= WORK TO COMPLETE =
Copy out every line holding the string "level" from the records below.

(Stored records)

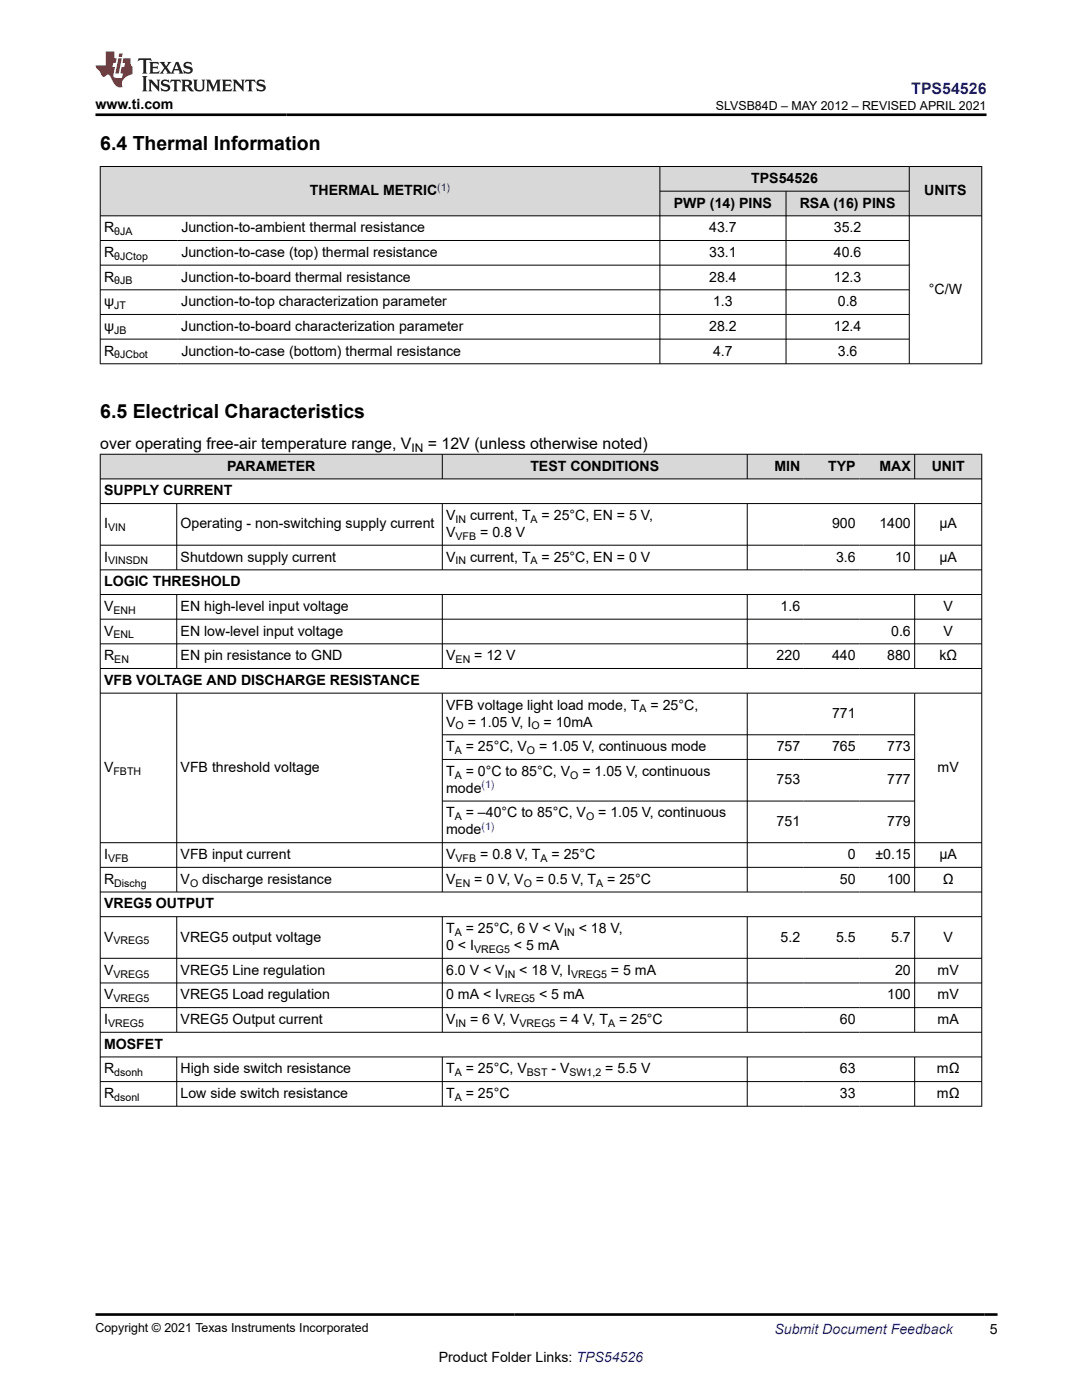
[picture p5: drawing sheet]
<svg xmlns="http://www.w3.org/2000/svg" width="216mm" height="279mm" viewBox="0 0 216 279" stroke-linecap="round" stroke-linejoin="round" font-family="sans-serif">
<defs><g id="words">
<g font-size="3.9">
<text x="20" y="29.9">6.4 Thermal Information</text>
<text x="20" y="83.5">6.5 Electrical Characteristics</text>
</g>
<text font-size="3.2" fill="#00f" x="181.8" y="18.7">TPS54526</text>
<g font-size="3.2">
<text x="20" y="89.6">over operating free-air temperature range, V</text>
<text x="85.4" y="89.6">= 12V (unless otherwise noted)</text>
</g>
<g font-size="2.8">
<text x="19.1" y="21.8">www.ti.com</text>
<text x="61.8" y="39">THERMAL METRIC</text>
<text x="134.5" y="41.4">PWP (14) PINS</text>
<text x="149.9" y="36.5">TPS54526</text>
<text x="159.6" y="41.4">RSA (16) PINS</text>
<text x="184.4" y="39">UNITS</text>
<text x="20.8" y="46.3">R</text>
<text x="36.2" y="46.3">Junction-to-ambient thermal resistance</text>
<text x="141.5" y="46.3">43.7</text>
<text x="166.4" y="46.3">35.2</text>
<text x="20.8" y="51.3">R</text>
<text x="36.2" y="51.3">Junction-to-case (top) thermal resistance</text>
<text x="141.5" y="51.3">33.1</text>
<text x="166.4" y="51.3">40.6</text>
<text x="20.8" y="56.2">R</text>
<text x="36.2" y="56.2">Junction-to-board thermal resistance</text>
<text x="141.5" y="56.2">28.4</text>
<text x="166.4" y="56.2">12.3</text>
<text x="185.4" y="58.7">°C/W</text>
<text x="20.8" y="61.1">ψ</text>
<text x="36.2" y="61.1">Junction-to-top characterization parameter</text>
<text x="142.3" y="61.1">1.3</text>
<text x="167.2" y="61.1">0.8</text>
<text x="20.8" y="66">ψ</text>
<text x="20.8" y="71">R</text>
<text x="36.2" y="66">Junction-to-board characterization parameter</text>
<text x="36.2" y="71">Junction-to-case (bottom) thermal resistance</text>
<text x="141.5" y="66">28.2</text>
<text x="142.3" y="71">4.7</text>
<text x="166.4" y="66">12.4</text>
<text x="167.2" y="71">3.6</text>
<text x="45.3" y="93.9">PARAMETER</text>
<text x="105.8" y="93.9">TEST CONDITIONS</text>
<text x="154.5" y="93.9">MIN</text>
<text x="165.3" y="93.9">TYP</text>
<text x="175.5" y="93.9">MAX</text>
<text x="185.9" y="93.9">UNIT</text>
<text x="20.8" y="98.8">SUPPLY CURRENT</text>
<text x="20.8" y="105.5">I</text>
<text x="36" y="105.5">Operating - non-switching supply current</text>
<text x="89" y="107.2">V</text>
<text x="89" y="103.8">V</text>
<text x="93.8" y="103.8">current, T</text>
<text x="95.8" y="107.2">= 0.8 V</text>
<text x="108.1" y="103.8">= 25°C, EN = 5 V,</text>
<text x="166" y="105.5">900</text>
<text x="175.5" y="105.5">1400</text>
<text x="187.5" y="105.5">μA</text>
<text x="20.8" y="112.1">I</text>
<text x="36" y="112.1">Shutdown supply current</text>
<text x="89" y="112.1">V</text>
<text x="93.8" y="112.1">current, T</text>
<text x="108.1" y="112.1">= 25°C, EN = 0 V</text>
<text x="166.8" y="112.1">3.6</text>
<text x="178.6" y="112.1">10</text>
<text x="187.5" y="112.1">μA</text>
<text x="20.8" y="117">LOGIC THRESHOLD</text>
<text x="20.8" y="121.9">V</text>
<text x="36" y="121.9">EN high-level input voltage</text>
<text x="155.8" y="121.9">1.6</text>
<text x="188.3" y="121.9">V</text>
<text x="20.8" y="131.8">R</text>
<text x="20.8" y="126.8">V</text>
<text x="36" y="126.8">EN low-level input voltage</text>
<text x="36" y="131.8">EN pin resistance to GND</text>
<text x="89" y="131.8">V</text>
<text x="94.6" y="131.8">= 12 V</text>
<text x="155" y="131.8">220</text>
<text x="166" y="131.8">440</text>
<text x="177" y="131.8">880</text>
<text x="177.8" y="126.8">0.6</text>
<text x="187.4" y="131.8">kΩ</text>
<text x="188.3" y="126.8">V</text>
<text x="20.8" y="136.7">VFB VOLTAGE AND DISCHARGE RESISTANCE</text>
<text x="89" y="141.6">VFB voltage light load mode, T</text>
<text x="129.8" y="141.6">= 25°C,</text>
<text x="166" y="143.3">771</text>
<text x="89" y="145">V</text>
<text x="89" y="149.9">T</text>
<text x="92.9" y="149.9">= 25°C, V</text>
<text x="93.3" y="145">= 1.05 V, I</text>
<text x="107.6" y="149.9">= 1.05 V, continuous mode</text>
<text x="108.5" y="145">= 10mA</text>
<text x="155" y="149.9">757</text>
<text x="166" y="149.9">765</text>
<text x="177" y="149.9">773</text>
<text x="20.8" y="154.1">V</text>
<text x="36" y="154.1">VFB threshold voltage</text>
<text x="89" y="154.8">T</text>
<text x="92.9" y="154.8">= 0°C to 85°C, V</text>
<text x="116.2" y="154.8">= 1.05 V, continuous</text>
<text x="187.1" y="154.1">mV</text>
<text x="89" y="158.2">mode</text>
<text x="155" y="156.5">753</text>
<text x="177" y="156.5">777</text>
<text x="89" y="166.5">mode</text>
<text x="89" y="163.1">T</text>
<text x="92.9" y="163.1">= –40°C to 85°C, V</text>
<text x="119.4" y="163.1">= 1.05 V, continuous</text>
<text x="155" y="164.8">751</text>
<text x="177" y="164.8">779</text>
<text x="20.8" y="171.5">I</text>
<text x="36" y="171.5">VFB input current</text>
<text x="89" y="171.5">V</text>
<text x="95.8" y="171.5">= 0.8 V, T</text>
<text x="110.1" y="171.5">= 25°C</text>
<text x="169.2" y="171.5">0</text>
<text x="174.7" y="171.5">±0.15</text>
<text x="187.5" y="171.5">μA</text>
<text x="20.8" y="176.4">R</text>
<text x="36" y="176.4">V</text>
<text x="40.3" y="176.4">discharge resistance</text>
<text x="89" y="176.4">V</text>
<text x="94.6" y="176.4">= 0 V, V</text>
<text x="106.9" y="176.4">= 0.5 V, T</text>
<text x="121.2" y="176.4">= 25°C</text>
<text x="167.6" y="176.4">50</text>
<text x="177" y="176.4">100</text>
<text x="188.1" y="176.4">Ω</text>
<text x="20.8" y="181.3">VREG5 OUTPUT</text>
<text x="20.8" y="187.9">V</text>
<text x="36" y="187.9">VREG5 output voltage</text>
<text x="89" y="186.2">T</text>
<text x="89" y="189.6">0 &lt; I</text>
<text x="92.9" y="186.2">= 25°C, 6 V &lt; V</text>
<text x="102.6" y="189.6">&lt; 5 mA</text>
<text x="115.5" y="186.2">&lt; 18 V,</text>
<text x="155.8" y="187.9">5.2</text>
<text x="166.8" y="187.9">5.5</text>
<text x="177.8" y="187.9">5.7</text>
<text x="188.3" y="187.9">V</text>
<text x="20.8" y="194.5">V</text>
<text x="36" y="194.5">VREG5 Line regulation</text>
<text x="89" y="194.5">6.0 V &lt; V</text>
<text x="103.6" y="194.5">&lt; 18 V, I</text>
<text x="121.9" y="194.5">= 5 mA</text>
<text x="178.6" y="194.5">20</text>
<text x="187.1" y="194.5">mV</text>
<text x="20.8" y="199.4">V</text>
<text x="36" y="199.4">VREG5 Load regulation</text>
<text x="89" y="199.4">0 mA &lt; I</text>
<text x="107.6" y="199.4">&lt; 5 mA</text>
<text x="177" y="199.4">100</text>
<text x="187.1" y="199.4">mV</text>
<text x="20.8" y="209.3">MOSFET</text>
<text x="20.8" y="204.4">I</text>
<text x="36" y="204.4">VREG5 Output current</text>
<text x="89" y="204.4">V</text>
<text x="93.8" y="204.4">= 6 V, V</text>
<text x="111.6" y="204.4">= 4 V, T</text>
<text x="123.5" y="204.4">= 25°C</text>
<text x="167.6" y="204.4">60</text>
<text x="187.1" y="204.4">mA</text>
<text x="20.8" y="214.2">R</text>
<text x="36" y="214.2">High side switch resistance</text>
<text x="89" y="214.2">T</text>
<text x="92.9" y="214.2">= 25°C, V</text>
<text x="110" y="214.2">- V</text>
<text x="120.8" y="214.2">= 5.5 V</text>
<text x="167.6" y="214.2">63</text>
<text x="186.9" y="214.2">mΩ</text>
<text x="20.8" y="219.1">R</text>
<text x="36" y="219.1">Low side switch resistance</text>
<text x="89" y="219.1">T</text>
<text x="92.9" y="219.1">= 25°C</text>
<text x="167.6" y="219.1">33</text>
<text x="186.9" y="219.1">mΩ</text>
<text x="197.5" y="266.1">5</text>
<text x="87.6" y="271.7">Product Folder Links: TPS54526</text>
</g>
<text font-size="2.8" fill="#00f" x="154.5" y="266.2">Submit Document Feedback</text>
<g font-size="2.5">
<text x="142.9" y="21.9">SLVSB84D – MAY 2012 – REVISED APRIL 2021</text>
<text x="19.1" y="265.9">Copyright © 2021 Texas Instruments Incorporated</text>
</g>
<text font-size="2.4" x="82.1" y="90.2">IN</text>
<g font-size="2.1" fill="#00f">
<text x="87.2" y="38">(1)</text>
<text x="96.1" y="157.3">(1)</text>
<text x="96.1" y="165.6">(1)</text>
</g>
<g font-size="2.1">
<text x="22.8" y="46.9">θJA</text>
<text x="22.8" y="51.8">θJCtop</text>
<text x="22.8" y="56.8">θJB</text>
<text x="22.8" y="61.7">JT</text>
<text x="22.8" y="66.6">JB</text>
<text x="22.8" y="71.5">θJCbot</text>
<text x="21.6" y="106">VIN</text>
<text x="90.9" y="107.7">VFB</text>
<text x="90.9" y="104.3">IN</text>
<text x="105.9" y="104.3">A</text>
<text x="21.6" y="112.6">VINSDN</text>
<text x="90.9" y="112.6">IN</text>
<text x="105.9" y="112.6">A</text>
<text x="22.6" y="122.5">ENH</text>
<text x="22.6" y="127.4">ENL</text>
<text x="22.8" y="132.3">EN</text>
<text x="90.9" y="132.3">EN</text>
<text x="127.6" y="142.2">A</text>
<text x="90.9" y="145.6">O</text>
<text x="106" y="145.6">O</text>
<text x="22.6" y="154.6">FBTH</text>
<text x="90.7" y="150.5">A</text>
<text x="90.7" y="155.4">A</text>
<text x="105.1" y="150.5">O</text>
<text x="113.8" y="155.4">O</text>
<text x="90.7" y="163.7">A</text>
<text x="116.9" y="163.7">O</text>
<text x="21.6" y="172">VFB</text>
<text x="90.9" y="172">VFB</text>
<text x="107.9" y="172">A</text>
<text x="22.8" y="176.9">Dischg</text>
<text x="37.9" y="176.9">O</text>
<text x="90.9" y="176.9">EN</text>
<text x="104.5" y="176.9">O</text>
<text x="119" y="176.9">A</text>
<text x="22.7" y="188.5">VREG5</text>
<text x="90.7" y="186.8">A</text>
<text x="94.6" y="190.2">VREG5</text>
<text x="112.6" y="186.8">IN</text>
<text x="22.6" y="195.1">VREG5</text>
<text x="100.7" y="195.1">IN</text>
<text x="113.9" y="195.1">VREG5</text>
<text x="22.6" y="200">VREG5</text>
<text x="99.6" y="200">VREG5</text>
<text x="21.6" y="204.9">VREG5</text>
<text x="90.9" y="204.9">IN</text>
<text x="103.7" y="204.9">VREG5</text>
<text x="121.3" y="204.9">A</text>
<text x="22.8" y="214.8">dsonh</text>
<text x="90.7" y="214.8">A</text>
<text x="105.1" y="214.8">BST</text>
<text x="113.6" y="214.8">SW1,2</text>
<text x="22.8" y="219.7">dsonl</text>
<text x="90.7" y="219.7">A</text>
</g>
</g></defs>
<g fill="#d8d8d8">
<path d="M20 33.2h175.9v5h-175.9z" fill-rule="evenodd"/>
<path d="M20.1 33.3h111.5v9.7h-111.5z" fill-rule="evenodd"/>
<path d="M131.7 33.3h49.7v4.8h-49.7z" fill-rule="evenodd"/>
<path d="M181.5 33.3h14.3v9.7h-14.3z" fill-rule="evenodd"/>
<path d="M131.7 38.2h25.1v4.8h-25.1z" fill-rule="evenodd"/>
<path d="M156.9 38.2h24.5v4.8h-24.5z" fill-rule="evenodd"/>
</g>
<g fill="none" stroke="#000" stroke-width=".2">
<path d="M19.9 33.2h176.1M20 33.2v39.5M131.7 38.2h49.8M131.7 33.2v39.5M156.8 38.2v34.5M181.4 33.2v39.5M195.9 33.2v39.5M19.9 43.1h176.1M19.9 48h161.6M19.9 52.9h161.6M19.9 57.8h161.6M19.9 72.6h176.1"/>
<path d="M19.9 62.8h161.6M19.9 67.7h161.6"/>
</g>
<g fill="#d8d8d8">
<path d="M20 90.7h175.9v4.9h-175.9z" fill-rule="evenodd"/>
<path d="M20.1 90.7h68.1v4.8h-68.1z" fill-rule="evenodd"/>
<path d="M88.3 90.7h60.7v4.8h-60.7z" fill-rule="evenodd"/>
<path d="M149.2 90.7h11.2v4.8h-11.2z" fill-rule="evenodd"/>
<path d="M160.4 90.7h11.1v4.8h-11.1z" fill-rule="evenodd"/>
<path d="M171.5 90.7h11v4.8h-11z" fill-rule="evenodd"/>
<path d="M182.6 90.7h13.2v4.8h-13.2z" fill-rule="evenodd"/>
</g>
<g fill="none" stroke="#000" stroke-width=".2">
<path d="M19.9 90.7h176.1M19.9 95.6h176.1M20 90.6v130.2M88.3 90.6v5M149.1 90.6v5M182.5 90.6v5M195.9 90.6v130.2M19.9 100.5h176.1M19.9 108.8h176.1M19.9 113.7h176.1M19.9 118.6h176.1M35.3 100.5v13.3"/>
<path d="M35.3 118.6v14.9M88.3 100.5v13.3M88.3 118.6v14.9M149.1 100.5v13.3M149.1 118.6v14.9M182.5 100.5v13.3M182.5 118.6v14.9M19.9 123.6h176.1M19.9 128.5h176.1M19.9 133.4h176.1M19.9 138.3h176.1M35.3 138.3v39.8"/>
<path d="M88.3 138.3v39.8M149.1 138.3v39.8M182.5 138.3v39.8M88.3 146.6h94.3M88.3 151.6h94.3M88.3 159.9h94.3M19.9 168.2h176.1M19.9 173.1h176.1M19.9 178h176.1M19.9 182.9h176.1M19.9 191.2h176.1M19.9 196.2h176.1"/>
<path d="M35.3 182.9v23.2M88.3 182.9v23.2M149.1 182.9v23.2M182.5 182.9v23.2M19.9 201.1h176.1M19.9 206h176.1M19.9 210.9h176.1M19.9 215.9h176.1M35.3 210.9v9.9M88.3 210.9v9.9M149.1 210.9v9.9M182.5 210.9v9.9"/>
<path d="M19.9 220.8h176.1"/>
</g>
<path d="M27.7 11.6l-.2 .6 .5-.2h.6v.1v2.2l-.2 .4h1l-.2-.4v-2.2v-.1h.5l.5 .2-.1-.6zM29.8 12.4l.2 .3v1.6l-.2 .4h1.9l.1-.6a1.08 1.08 0 0 1-1.3 .2v-.7h.6l.4 .2v-.7l-.4 .2h-.6v-.5l.2-.2a1 1 0 0 1 1 .3l-.1-.5zM31.8 12.4l1 1.1-1 1.2h.9l-.2-.2 .4-.8 .5 .8-.2 .2h1.6l-.2-.2 .1-.5h1l.1 .5-.1 .2h.9l-.2-.4-.8-1.9h-.5l-1 2.1-.8-1.1 .9-1h-.8l.2 .2-.5 .6-.3-.6 .1-.2zM35.2 12.8l.4 1h-.8zM36.8 12.5a.65 .65 0 0 0-.2 .7 .65 .65 0 0 0 .6 .5l.7 .1 .1 .3a.79 .79 0 0 1-.7 .4 .79 .79 0 0 1-.7-.5l.1 .7 .2-.1a.93 .93 0 0 0 1.1 0 .93 .93 0 0 0 .4-.9 1.46 1.46 0 0 0-1.2-.6l-.1-.3a1.09 1.09 0 0 1 1.2 .2l-.2-.6-.1 .1-.6-.2zM28.4 15.2l.2 .4v2.2l-.2 .4h1l-.2-.4v-2.2l.2-.4zM29.6 15.9l.2 .4v1.5l-.2 .4h.8l-.3-.4v-1.3l1.7 1.8v-2l.2-.4h-.8l.2 .2 .1 1.1-1.2-1.3zM32.3 16a.65 .65 0 0 0-.2 .8 .65 .65 0 0 0 .7 .4l.6 .2 .1 .2a.79 .79 0 0 1-.7 .4 .79 .79 0 0 1-.7-.5l.1 .7 .2-.1a.93 .93 0 0 0 1.1 .1 .93 .93 0 0 0 .4-1 1.46 1.46 0 0 0-1.2-.5l-.1-.4a1.09 1.09 0 0 1 1.2 .2l-.2-.6-.1 .1-.6-.1zM34.1 15.9l-.1 .6a.63 .63 0 0 1 .7-.3l.1 1.6-.3 .4h1l-.2-.4v-1.6a.66 .66 0 0 1 .8 .3l-.1-.6zM36.2 15.9l.2 .4v1.5l-.2 .4h.9l-.2-.2v-.7h.5l.1 .2a.79 .79 0 0 0 1.2 .6l-1-.9a.61 .61 0 0 0 .6-.6 .61 .61 0 0 0-.5-.7zM36.9 16.2h.2a.47 .47 0 0 1 .5 .1 .47 .47 0 0 1 .1 .5l-.2 .1-.6 .1zM38.5 15.9l.2 .2a2.27 2.27 0 0 0 .4 2 1.04 1.04 0 0 0 1.7-.7v-1.3l.2-.2h-.8l.2 .4v1.1a.6 .6 0 0 1-.6 .6 .6 .6 0 0 1-.6-.6v-1.1l.3-.4zM41.1 15.9l.2 .4v1.5l-.2 .4h.7l-.2-.4v-1.4l.9 1.9 .8-1.9v1.4l-.2 .4h1l-.3-.4v-1.5l.3-.4h-.8l-.7 1.5-.7-1.5zM44.3 15.9l.2 .4v1.5l-.2 .4h1.9l.1-.6a1.09 1.09 0 0 1-1.3 .2v-.7h.6l.4 .2v-.6l-.4 .2h-.6v-.6l.2-.1a1.01 1.01 0 0 1 1 .3l-.1-.6zM46.4 15.9l.3 .4v1.5l-.3 .4h.8l-.2-.4v-1.3l1.6 1.8v-2l.2-.4h-.7l.2 .2v1.1l-1.2-1.3zM49 15.9l-.1 .6a.63 .63 0 0 1 .8-.3v1.6l-.3 .4h1l-.2-.4v-1.6a.66 .66 0 0 1 .8 .3l-.1-.6zM51.4 16a.65 .65 0 0 0-.2 .8 .65 .65 0 0 0 .6 .4l.6 .2 .2 .2a.79 .79 0 0 1-.8 .4 .79 .79 0 0 1-.6-.5l.1 .7 .2-.1a.93 .93 0 0 0 1 .1 .93 .93 0 0 0 .5-1 1.46 1.46 0 0 0-1.3-.5l-.1-.4a1.09 1.09 0 0 1 1.3 .2l-.2-.6-.2 .1-.5-.1z" fill="#231f20"/>
<path d="M21.1 10.3v2.7h-2v.4l.9 1a.95 .95 0 0 0 .9 .9 .59 .59 0 0 1 .6-.4 .59 .59 0 0 1 .5 .3l.4 .8a1.59 1.59 0 0 0 2.1 1.4 1.61 1.61 0 0 1 1-2.3l1-.3-.1-1.5a1.59 1.59 0 0 1-.4-1.7h-1.4l-.2 .9h.5l-.1 .9h-.5l-.2 .9v.3l.4 .1-.2 .9h-.6a.73 .73 0 0 1-1.1-.7l.3-1.5h-.5l.2-.9h.5l.2-.9h-.5v-1.3zM23.6 11.6l-.6 3.1h.7l.6-3.1zM23.8 10.7l-.1 .6h.7l.1-.6z" fill="#ed1c24"/>
<path d="M19.1 22.9h177.8M19 262.3h180" fill="none" stroke="#000" stroke-width=".53"/>
<use href="#words"/>
</svg>

= SOLUTION FOR THIS TASK =
<text x="36" y="121.9">EN high-level input voltage</text>
<text x="36" y="126.8">EN low-level input voltage</text>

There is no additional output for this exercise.